The next day, Aziz takes me to the place where the Draa is meant to be. Nothing remains but ripples in the sand. Few families maintain a pastoral life in the desert today. But with the unique set of skills needed to survive as a nomad in the desert, Aziz believes that his generation could sadly be the last.
“So what does it mean to be a nomad who is no longer nomadic?” I ask.
“My parents and grandparents feel like they are in prison. They miss the desert. Even now, if I show my mother a photograph from the Sahara, she knows exactly where it was taken,” he says with a grin. “I take her back sometimes, to visit.”
“And despite giving up your way of life, are you still free?” I enquire.
“We try to stay independent. We don’t keep money in the banks, and most of us don’t vote. We don’t like to be controlled. I have an uncle that lives in France now. He married a French woman that visited as a tourist. But he is still free, even if he doesn’t live in the desert. Freedom is more about the way you think. To not worry too much about the future, to enjoy what you have today.”
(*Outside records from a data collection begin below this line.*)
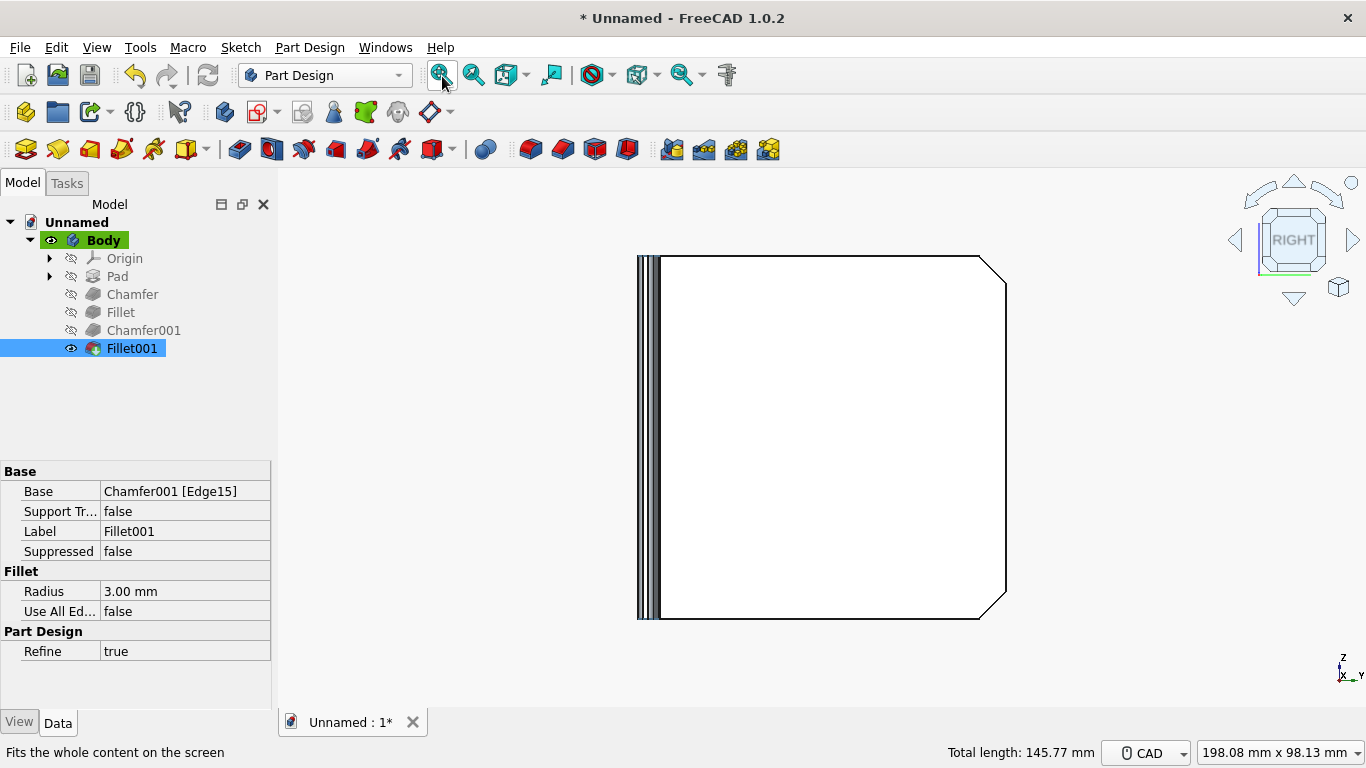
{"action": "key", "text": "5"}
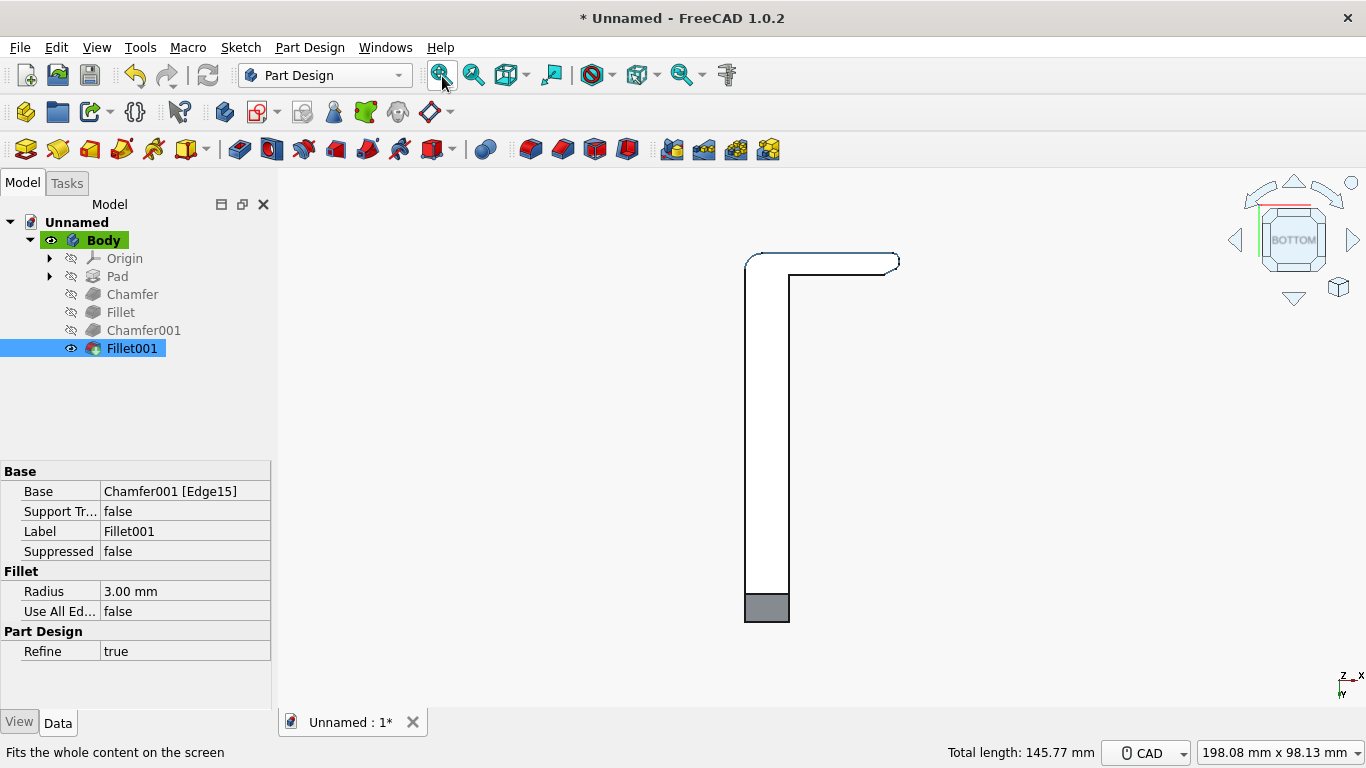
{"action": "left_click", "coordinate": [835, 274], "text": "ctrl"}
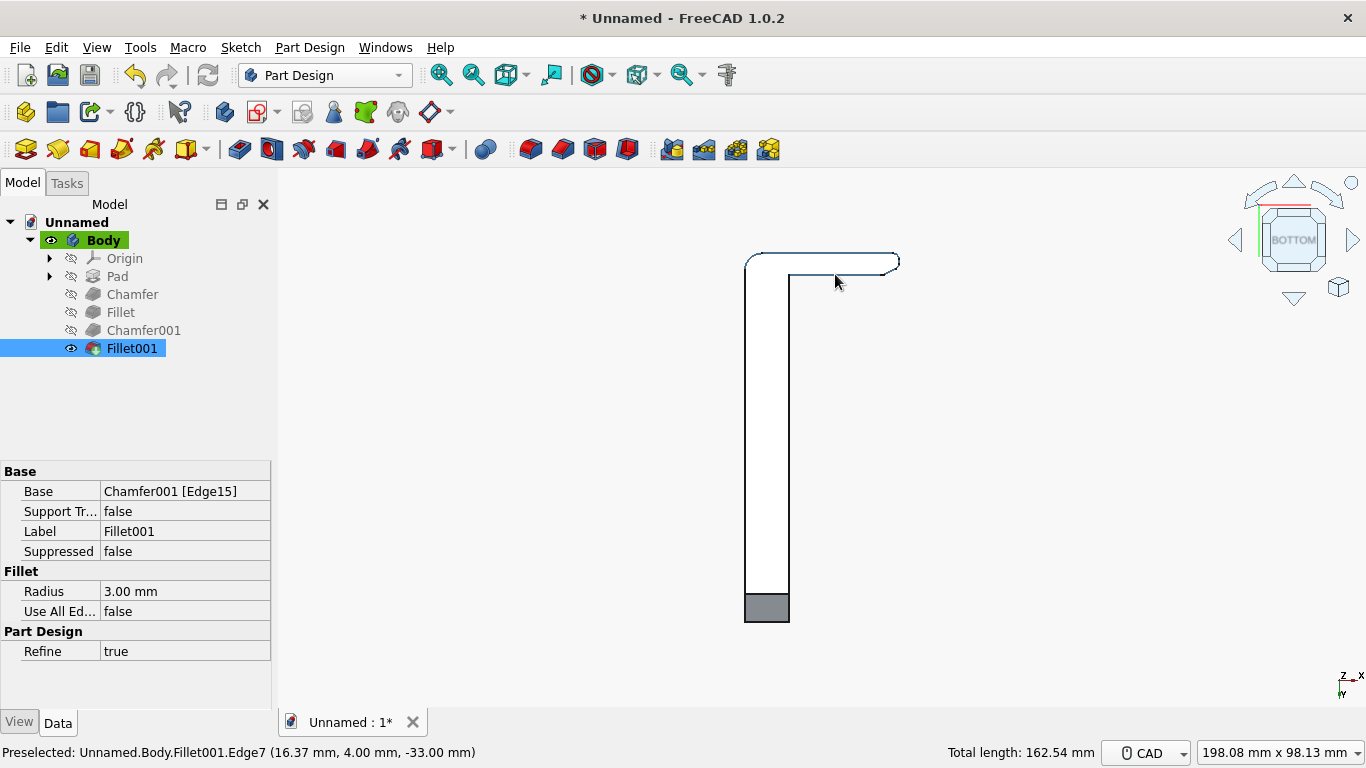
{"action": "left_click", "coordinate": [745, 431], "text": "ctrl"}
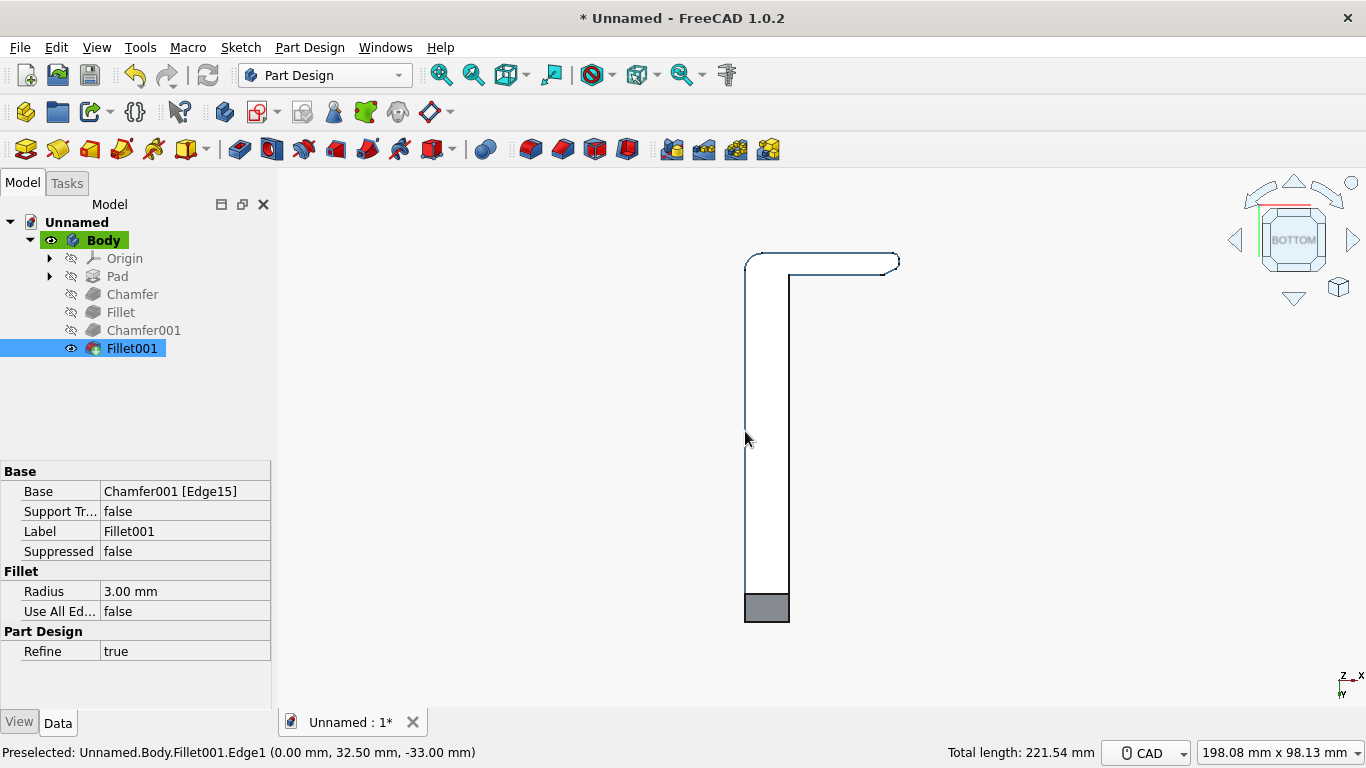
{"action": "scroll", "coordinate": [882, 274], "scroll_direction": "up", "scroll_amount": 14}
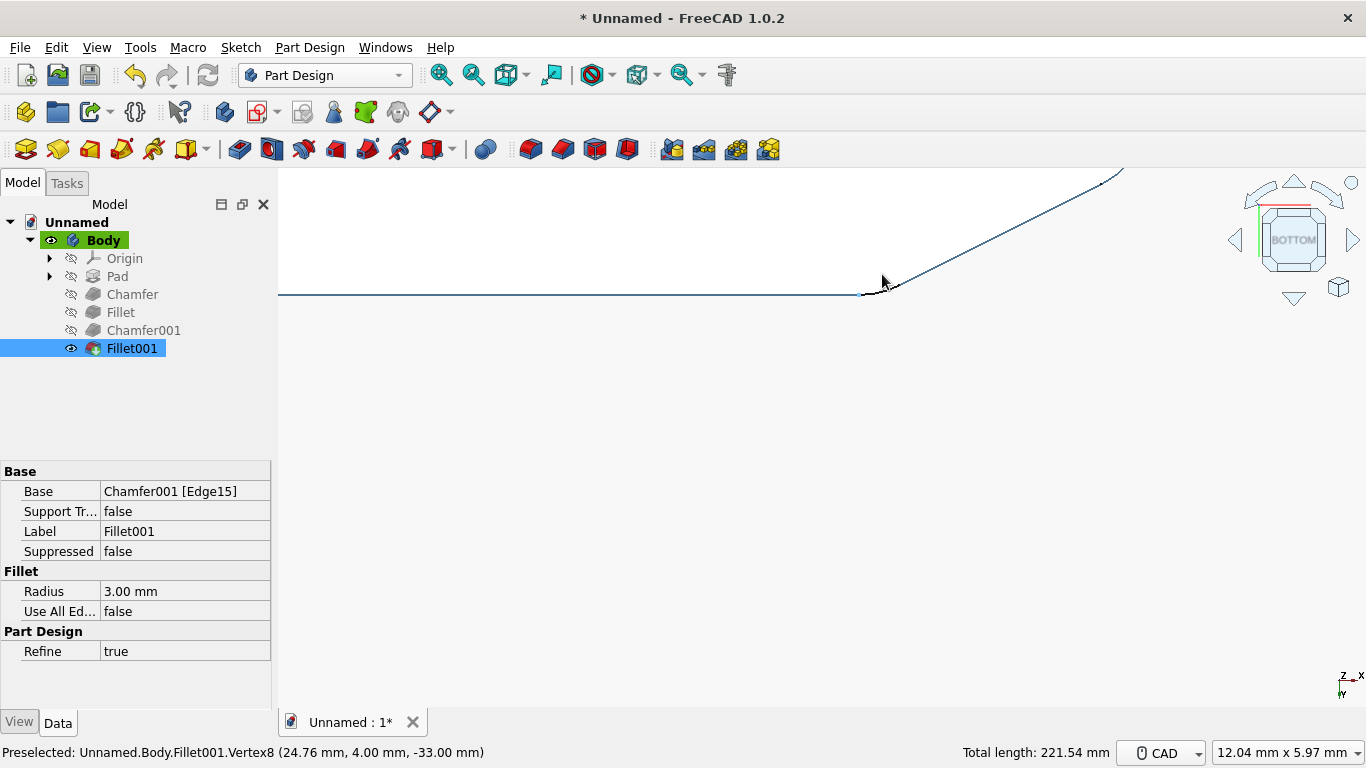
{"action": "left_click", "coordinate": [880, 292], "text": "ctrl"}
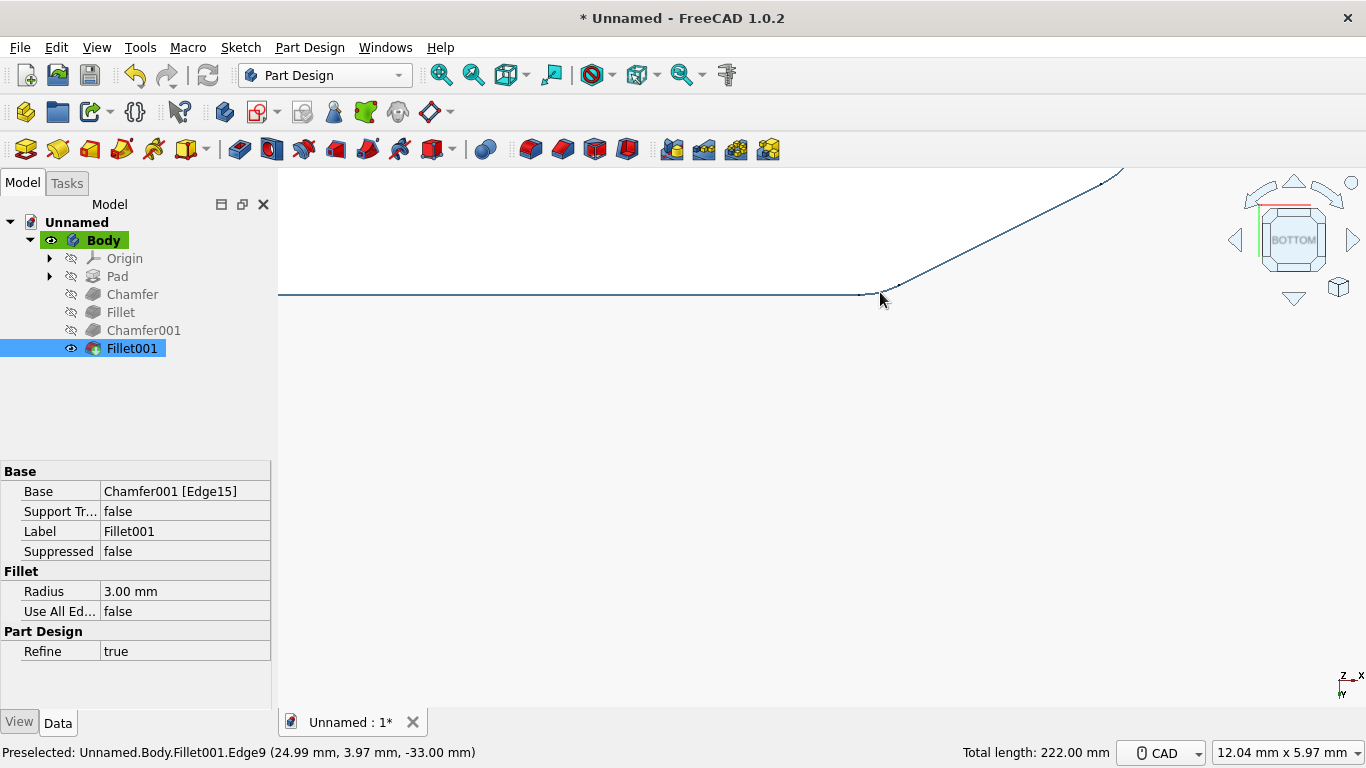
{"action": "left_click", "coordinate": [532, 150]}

That night, we sit in the stillness beneath a sky as black as molasses. The only noise is the gurgling of the shisha that we are sharing.
“If you could go back to living in the desert, would you?” I ask, breaking the silence.
“Yes,” he says, without hesitation. “Yes, I would.”
Aziz offers me the mouthpiece of the shisha. I breathe in the tobacco, letting the sweet smoke fill my lungs. The charcoals glow, as bright and hot as a desert sunset. I think back to Badr’s first question that had caught me off guard in the Atlas Mountains. “What makes you not free?”
I recalled what my fellow hikers had to say when I asked them the same question. Apparently, there was too much that stood in our way. The nine-to-five grind, debt, and the stresses of life in the city were all too confining.
Lasting reflections
My last days in Morocco are spent staying with a Berber family along the Hāhā coast. The village is certainly a far cry from life in the city. It’s a simple cluster of stone buildings. Goats and donkeys mosey around the yard, languid in the heat of the sun. The village overlooks the swelling ocean, and the tree-spangled cliffs that trace the shore.
I stroll along the beach with Mohammad. His three pet rescue goats potter along behind us, leaving a trail of hoof prints in the sand.
“We have nearly nothing” Mohammad says earnestly. “For example, I don’t have your passport. But if I choose to think only about that, I would cry. I would always be unhappy.”
Yet, Mohammad and his family show me Moroccan hospitality at its very best. They greet me like a long-lost family member, teach me how to cook traditional fish tajine, and take me to watch a breathtaking sunset over the coast.
It had become clear to me that freedom is not about what you do or don’t have. I finally had an answer for Badr’s question. There was only one thing standing between myself and freedom: me.